§ PROMPT:
Lines holding the word "greater" must be located in the listing below and copied.

Top of EXERCISE DATA

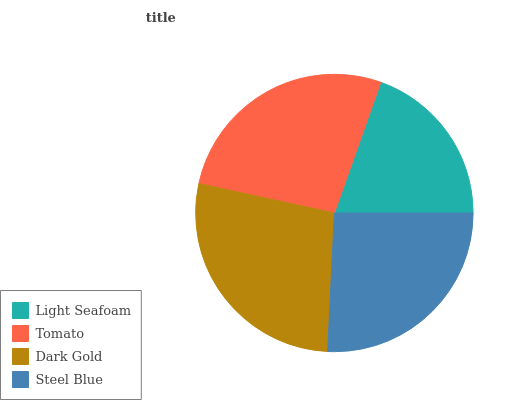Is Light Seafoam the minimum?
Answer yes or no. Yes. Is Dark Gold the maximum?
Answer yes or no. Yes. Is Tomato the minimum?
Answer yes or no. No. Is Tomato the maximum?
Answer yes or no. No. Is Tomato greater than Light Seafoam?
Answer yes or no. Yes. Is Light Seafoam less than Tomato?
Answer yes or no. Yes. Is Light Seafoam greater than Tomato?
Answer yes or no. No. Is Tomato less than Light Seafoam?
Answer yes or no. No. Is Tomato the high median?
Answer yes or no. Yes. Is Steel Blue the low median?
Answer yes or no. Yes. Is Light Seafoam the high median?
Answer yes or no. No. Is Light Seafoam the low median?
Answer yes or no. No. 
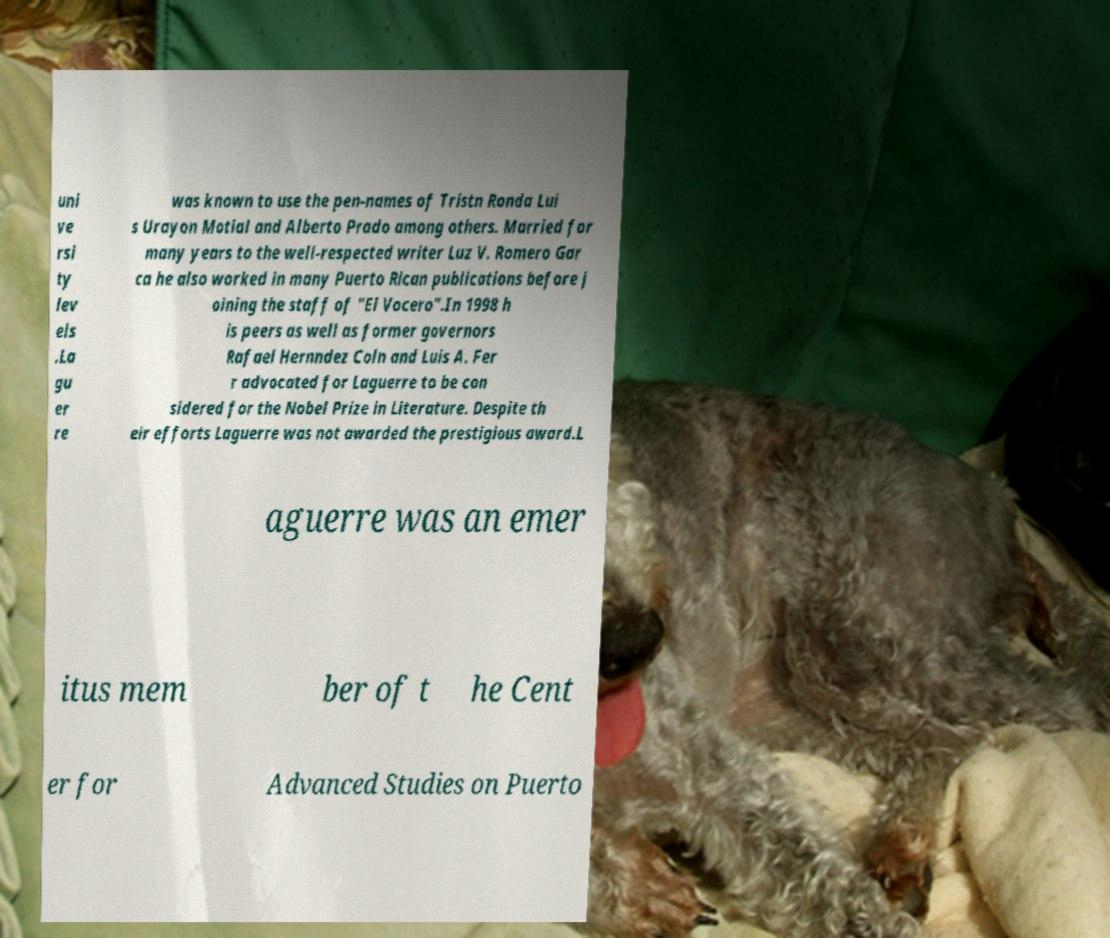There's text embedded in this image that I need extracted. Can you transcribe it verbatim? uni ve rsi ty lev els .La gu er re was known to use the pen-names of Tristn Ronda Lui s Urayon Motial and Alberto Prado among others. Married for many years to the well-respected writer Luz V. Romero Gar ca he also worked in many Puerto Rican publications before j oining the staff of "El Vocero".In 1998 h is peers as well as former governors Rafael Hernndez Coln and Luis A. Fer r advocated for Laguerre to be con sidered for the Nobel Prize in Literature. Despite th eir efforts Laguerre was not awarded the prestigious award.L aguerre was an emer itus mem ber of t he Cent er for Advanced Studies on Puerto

Bottom of EXERCISE DATA

§ SOLVED EXERCISE:
Answer yes or no. No. Is Tomato greater than Light Seafoam?
Answer yes or no. Yes. Is Light Seafoam greater than Tomato?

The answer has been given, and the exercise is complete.